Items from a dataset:
★ ★ ★ ★

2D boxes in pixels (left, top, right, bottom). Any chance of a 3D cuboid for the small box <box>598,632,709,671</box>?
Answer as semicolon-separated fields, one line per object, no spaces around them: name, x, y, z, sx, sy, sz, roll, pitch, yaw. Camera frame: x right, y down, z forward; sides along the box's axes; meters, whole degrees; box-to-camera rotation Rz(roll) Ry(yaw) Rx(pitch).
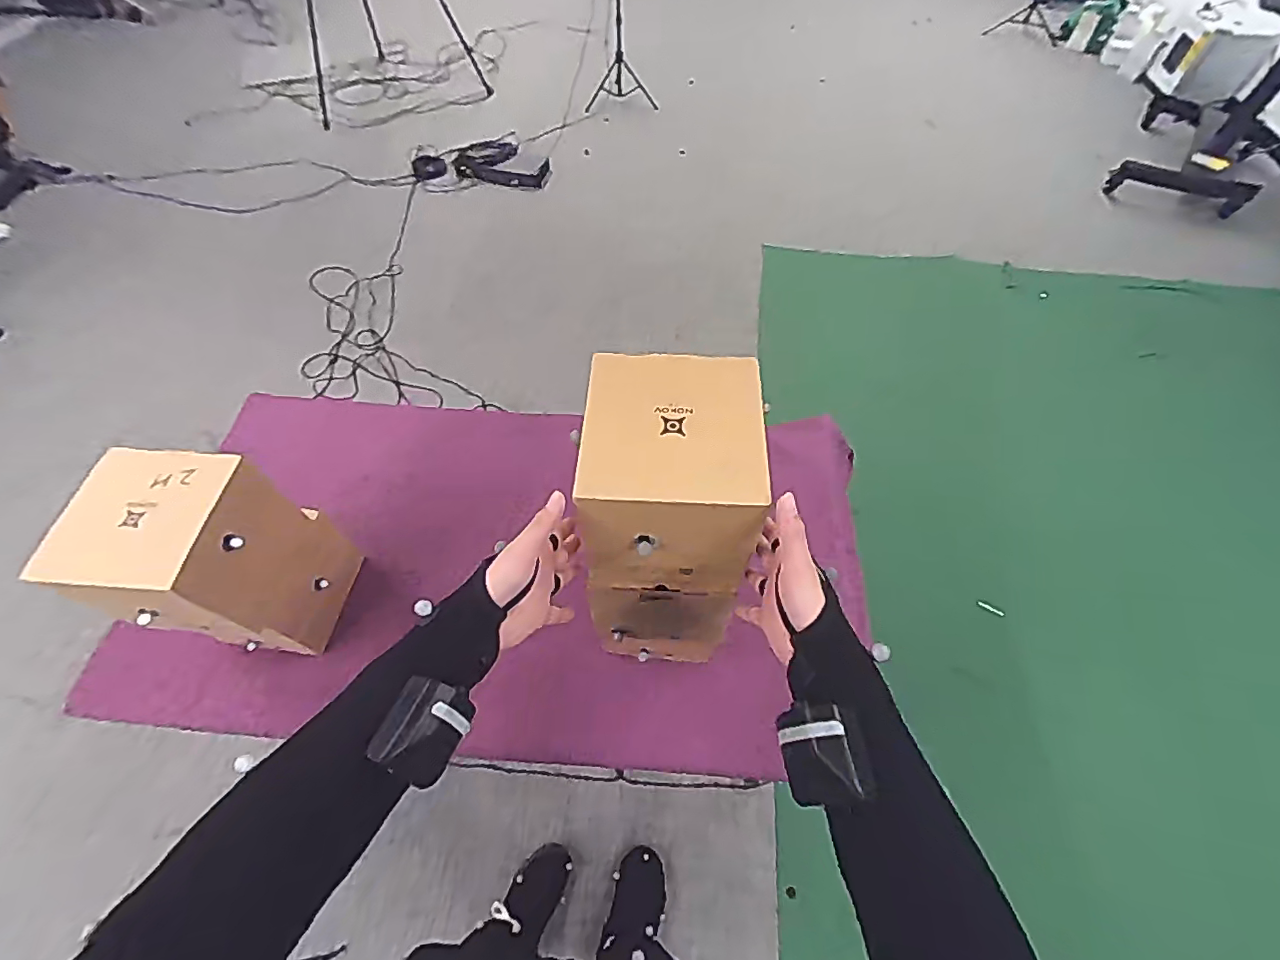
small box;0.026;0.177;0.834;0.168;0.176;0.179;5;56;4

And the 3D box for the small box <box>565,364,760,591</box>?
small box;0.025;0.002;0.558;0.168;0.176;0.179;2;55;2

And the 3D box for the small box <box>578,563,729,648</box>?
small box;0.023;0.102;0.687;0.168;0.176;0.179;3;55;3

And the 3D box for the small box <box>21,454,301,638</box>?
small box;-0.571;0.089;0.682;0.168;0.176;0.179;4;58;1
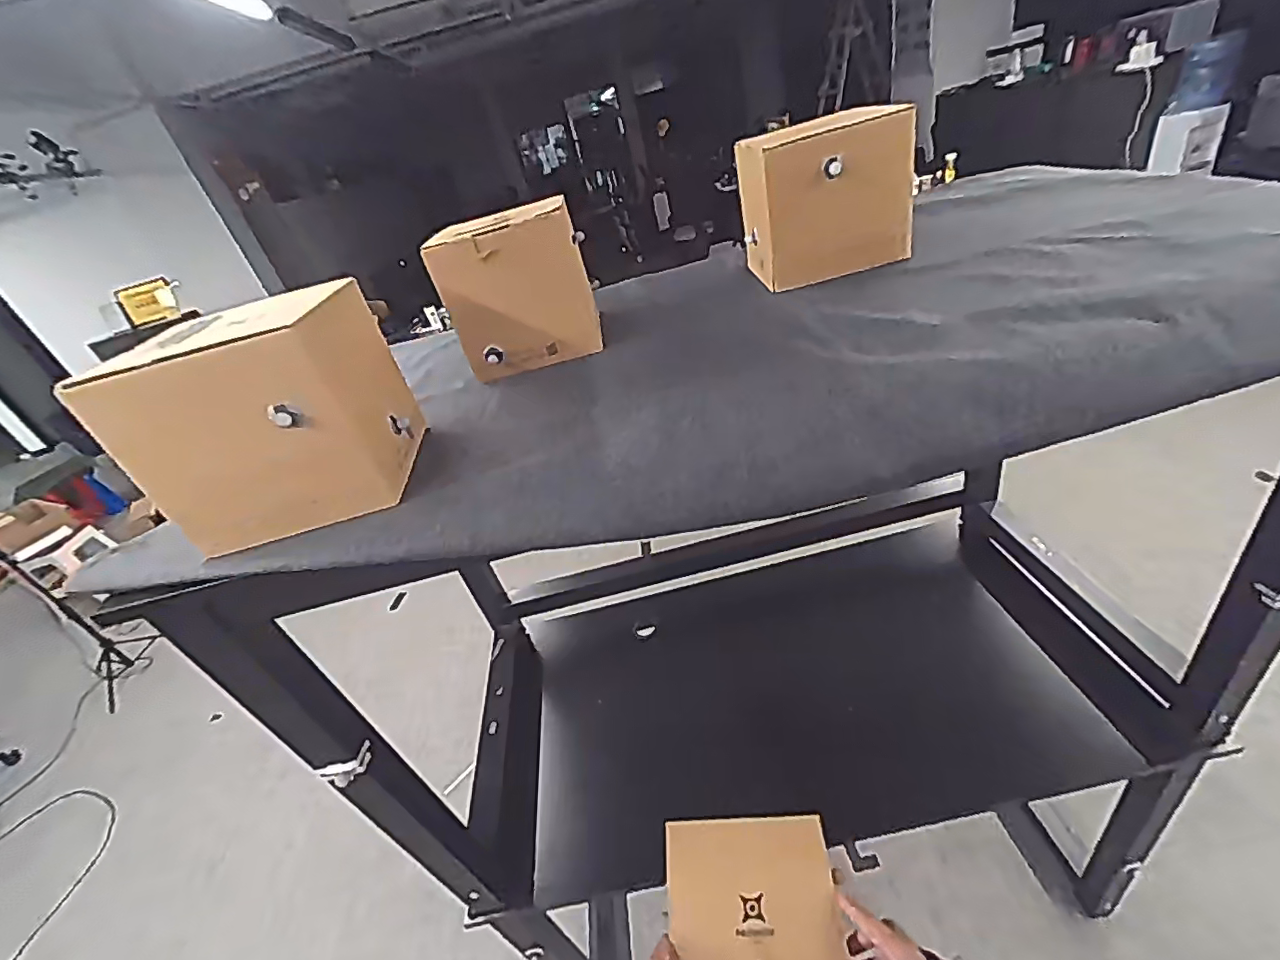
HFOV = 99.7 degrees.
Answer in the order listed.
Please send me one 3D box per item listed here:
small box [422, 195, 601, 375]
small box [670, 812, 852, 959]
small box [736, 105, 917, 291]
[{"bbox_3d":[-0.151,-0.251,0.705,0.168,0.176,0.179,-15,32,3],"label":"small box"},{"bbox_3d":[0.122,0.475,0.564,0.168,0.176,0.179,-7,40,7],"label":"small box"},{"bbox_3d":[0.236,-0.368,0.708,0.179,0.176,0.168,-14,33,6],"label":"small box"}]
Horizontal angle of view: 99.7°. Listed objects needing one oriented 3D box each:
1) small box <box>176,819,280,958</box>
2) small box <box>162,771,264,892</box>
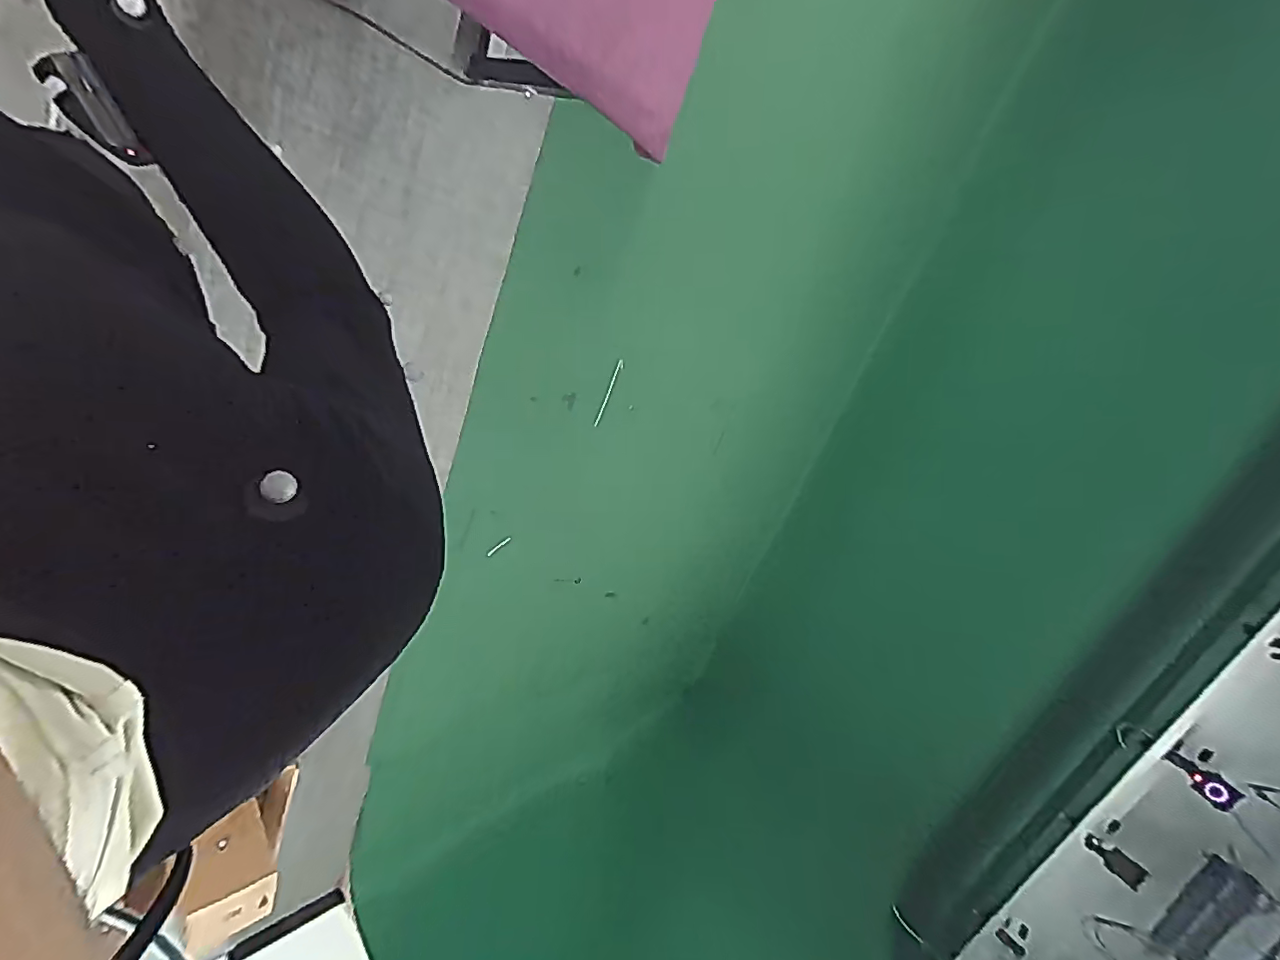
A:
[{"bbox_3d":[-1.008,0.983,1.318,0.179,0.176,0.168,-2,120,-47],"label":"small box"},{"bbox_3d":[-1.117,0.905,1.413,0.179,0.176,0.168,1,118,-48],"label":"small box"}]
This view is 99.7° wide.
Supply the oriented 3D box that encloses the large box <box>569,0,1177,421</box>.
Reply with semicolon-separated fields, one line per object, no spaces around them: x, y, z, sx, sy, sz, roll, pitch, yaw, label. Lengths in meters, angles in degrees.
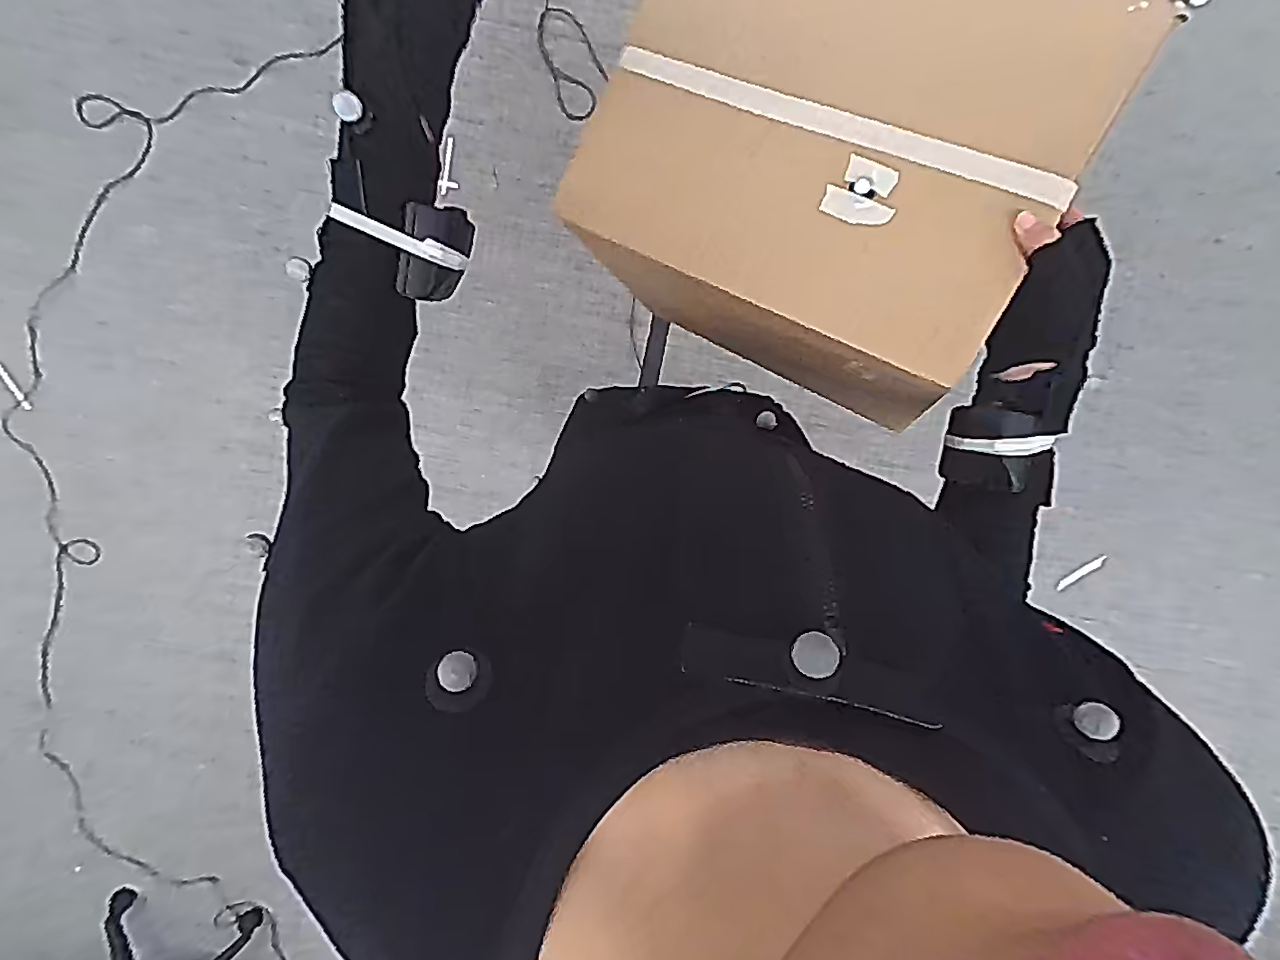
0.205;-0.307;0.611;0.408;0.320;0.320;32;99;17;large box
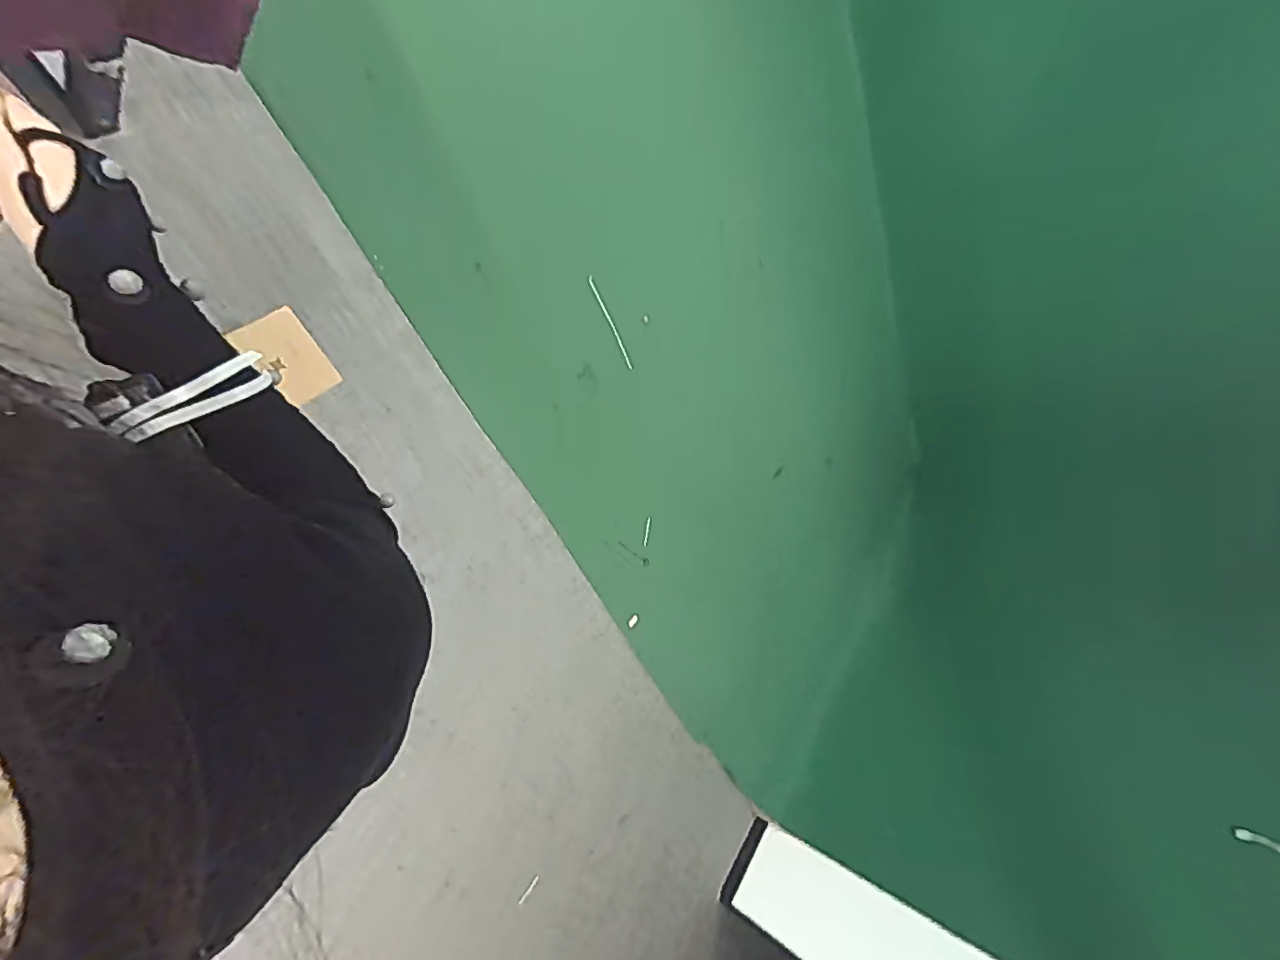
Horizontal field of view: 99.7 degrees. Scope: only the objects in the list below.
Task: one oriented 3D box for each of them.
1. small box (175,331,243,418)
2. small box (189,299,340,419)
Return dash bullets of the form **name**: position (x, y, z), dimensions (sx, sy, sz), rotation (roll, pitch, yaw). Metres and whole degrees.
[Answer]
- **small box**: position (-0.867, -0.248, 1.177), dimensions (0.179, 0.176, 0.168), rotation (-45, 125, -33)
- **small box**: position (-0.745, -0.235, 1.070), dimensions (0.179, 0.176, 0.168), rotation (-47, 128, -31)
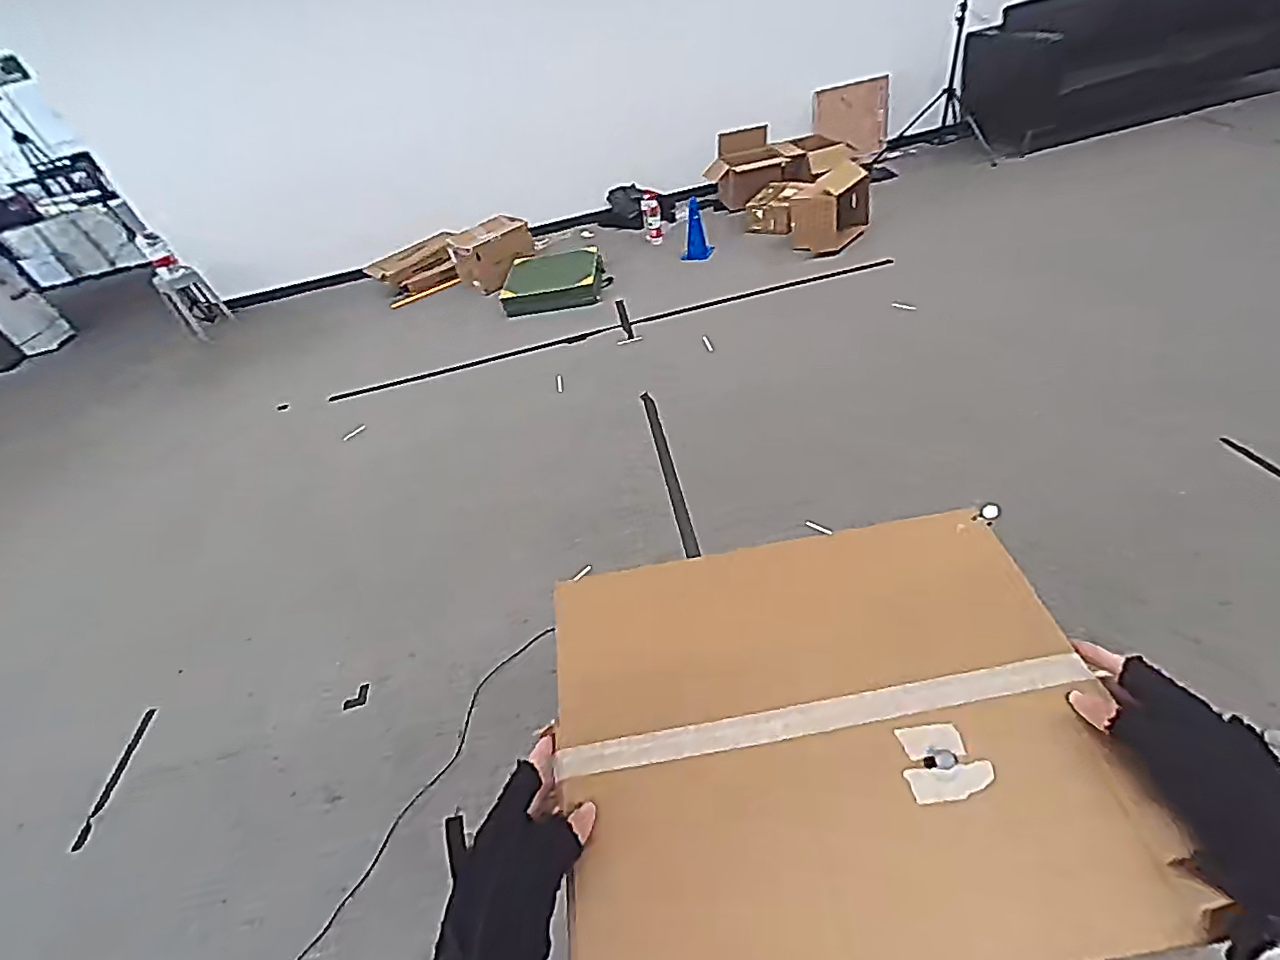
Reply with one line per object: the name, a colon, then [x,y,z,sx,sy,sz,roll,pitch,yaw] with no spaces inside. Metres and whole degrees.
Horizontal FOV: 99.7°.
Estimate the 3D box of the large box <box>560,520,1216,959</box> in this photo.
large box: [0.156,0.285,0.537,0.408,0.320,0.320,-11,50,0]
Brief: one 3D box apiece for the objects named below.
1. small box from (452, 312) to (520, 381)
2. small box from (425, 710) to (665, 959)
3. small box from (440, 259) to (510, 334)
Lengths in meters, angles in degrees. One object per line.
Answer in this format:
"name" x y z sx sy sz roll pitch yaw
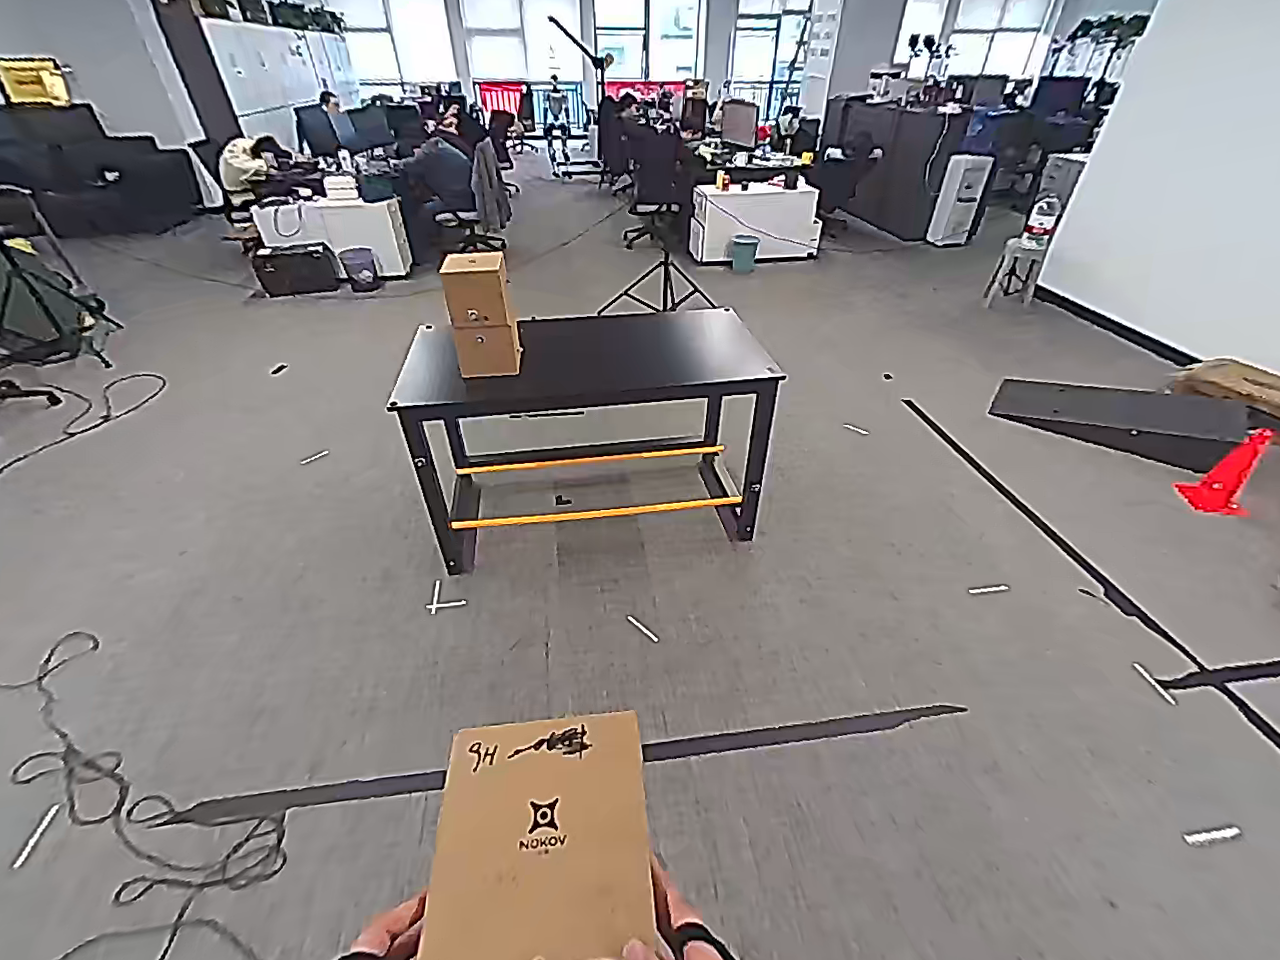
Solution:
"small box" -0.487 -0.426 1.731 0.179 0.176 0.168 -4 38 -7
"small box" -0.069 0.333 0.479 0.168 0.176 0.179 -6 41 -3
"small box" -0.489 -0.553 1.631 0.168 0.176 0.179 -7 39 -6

★ ★ ★ ★

| What is expected |
I'd like the lines above from the one with "1. small box (175,331,243,418)" up to and including the one with "Return dash bullets" copied exactly, with no other lines.

| Output of the task |
1. small box (175,331,243,418)
2. small box (189,299,340,419)
Return dash bullets of the form **name**: position (x, y, z), dimensions (sx, sy, sz), rotation (roll, pitch, yaw). Metres and whole degrees.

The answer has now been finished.